Introduction
Allstate was once a major player in the structured settlement annuity (SSA) space, helping thousands secure long-term financial stability through periodic payments. However, since exiting the structured settlement business in 2013 and transitioning its annuity obligations to other entities, many current recipients have questions about who now services their policies, whether they can sell them, and what protections they still have.
This guide answers those questions and more—whether you’re holding an Allstate-originated structured settlement or exploring your options for a lump sum payout.
History of Allstate Structured Settlements
Allstate Life Insurance Company issued structured settlement annuities until 2013. In the years that followed, Allstate transferred its structured settlement business to multiple parties:
- In 2021, Allstate sold Allstate Life Insurance Company to an entity backed by Blackstone and rebranded it as Everlake Life.
- Additional blocks of annuities were acquired by Wilton Re and other reinsurers.
Although Allstate no longer services these policies, your payments are still valid and handled by these successor firms.
How to Check if Yours Is Affected
If you’re receiving structured settlement payments originally set up by Allstate, check your original paperwork for the issuing insurer. If it lists Allstate Life Insurance Company, you’re part of this group.
Contact the servicer listed on your recent payment correspondence. If you haven’t received updates, contact Everlake Life or Wilton Re directly with your policy information to verify your current annuity provider.

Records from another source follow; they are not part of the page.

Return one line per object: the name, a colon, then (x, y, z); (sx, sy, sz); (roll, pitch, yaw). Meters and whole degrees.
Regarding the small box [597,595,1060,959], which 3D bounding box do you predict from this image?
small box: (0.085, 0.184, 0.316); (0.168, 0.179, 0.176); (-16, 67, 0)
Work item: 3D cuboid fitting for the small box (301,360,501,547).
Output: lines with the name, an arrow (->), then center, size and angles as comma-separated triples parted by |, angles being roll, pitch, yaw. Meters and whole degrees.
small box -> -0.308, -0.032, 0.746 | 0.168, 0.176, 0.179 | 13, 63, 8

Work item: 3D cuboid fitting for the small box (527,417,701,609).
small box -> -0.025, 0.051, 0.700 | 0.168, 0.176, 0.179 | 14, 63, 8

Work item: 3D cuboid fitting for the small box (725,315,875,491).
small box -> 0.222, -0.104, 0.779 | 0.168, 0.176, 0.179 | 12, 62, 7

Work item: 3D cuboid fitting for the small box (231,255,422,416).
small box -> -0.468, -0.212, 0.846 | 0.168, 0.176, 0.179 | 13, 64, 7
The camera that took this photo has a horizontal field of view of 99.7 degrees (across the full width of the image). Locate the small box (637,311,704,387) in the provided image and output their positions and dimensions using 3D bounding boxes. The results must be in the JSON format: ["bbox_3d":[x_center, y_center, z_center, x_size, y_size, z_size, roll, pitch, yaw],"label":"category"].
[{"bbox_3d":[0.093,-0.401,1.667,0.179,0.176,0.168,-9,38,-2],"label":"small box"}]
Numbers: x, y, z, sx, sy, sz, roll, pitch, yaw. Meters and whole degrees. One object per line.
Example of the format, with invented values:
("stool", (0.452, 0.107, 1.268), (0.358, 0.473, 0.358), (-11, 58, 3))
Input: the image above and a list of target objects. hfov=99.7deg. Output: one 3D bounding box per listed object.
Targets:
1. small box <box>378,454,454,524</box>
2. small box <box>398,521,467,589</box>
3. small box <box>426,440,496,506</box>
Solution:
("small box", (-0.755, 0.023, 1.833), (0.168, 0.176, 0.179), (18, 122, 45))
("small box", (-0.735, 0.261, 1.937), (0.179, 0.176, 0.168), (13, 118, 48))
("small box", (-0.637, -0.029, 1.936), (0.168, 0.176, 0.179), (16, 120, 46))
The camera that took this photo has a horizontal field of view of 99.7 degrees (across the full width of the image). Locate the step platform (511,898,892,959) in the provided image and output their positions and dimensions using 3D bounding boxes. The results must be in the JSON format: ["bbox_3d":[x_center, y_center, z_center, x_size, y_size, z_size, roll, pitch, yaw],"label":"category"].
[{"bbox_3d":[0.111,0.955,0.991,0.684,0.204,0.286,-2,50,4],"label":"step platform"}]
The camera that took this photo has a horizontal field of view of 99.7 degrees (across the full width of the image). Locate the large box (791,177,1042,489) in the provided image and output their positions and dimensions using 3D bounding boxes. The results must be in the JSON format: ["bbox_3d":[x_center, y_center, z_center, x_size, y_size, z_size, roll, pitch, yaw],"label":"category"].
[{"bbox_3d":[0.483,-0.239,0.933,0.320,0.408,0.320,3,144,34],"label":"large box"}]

Understanding Your Structured Settlement Payments
Structured settlements provide tax-free income for individuals who won personal injury or wrongful death claims. They are designed to offer financial stability through a series of scheduled payments.
Despite the insurer change, your payment rights remain intact. Servicing companies must honor the terms of the original contract unless otherwise renegotiated by the courts.
Selling or Accessing Cash from Your Allstate Legacy Policy
If you have a financial emergency or need to fund a major expense, you may consider selling part or all of your structured settlement. These transactions are legal but regulated.
Buyers evaluate:
- Remaining balance
- Payment schedule
- Time horizon
Expect to receive 65%–90% of the total remaining value, depending on your situation and the buyer.
Before selling:
- Get multiple quotes
- Consult a financial advisor or attorney
- Ensure court approval
Legal and Regulatory Protections
Structured settlement sales fall under the Structured Settlement Protection Act (SSPA), which mandates court approval in every state. A judge will ensure that the sale is in your best interest, especially if you are a minor or incapacitated.
Additional protections include:
- Mandatory disclosure of fees and net proceeds
- State-specific “cooling off” periods (3–10 days)
- Federal tax protections under IRC sections 130 and 5891
These ensure you don’t lose more value than necessary and that the transaction is fully transparent.
Allstate Legacy vs Competitor Structured Settlements
Origin Provider | Current Servicer | Credit Rating | Sale Availability | Consumer Access |
---|---|---|---|---|
Allstate (pre‑2013) | Everlake / Wilton Re | A | Yes | Via buyers |
MetLife | MetLife | A+ | Yes | Active |
Pacific Life | Pacific Life | AA- | Yes | Active |
Current User Feedback and Tips
Users have reported mixed experiences when contacting Everlake or Wilton Re. Online forums like Reddit include testimonials noting long hold times and difficulty confirming information.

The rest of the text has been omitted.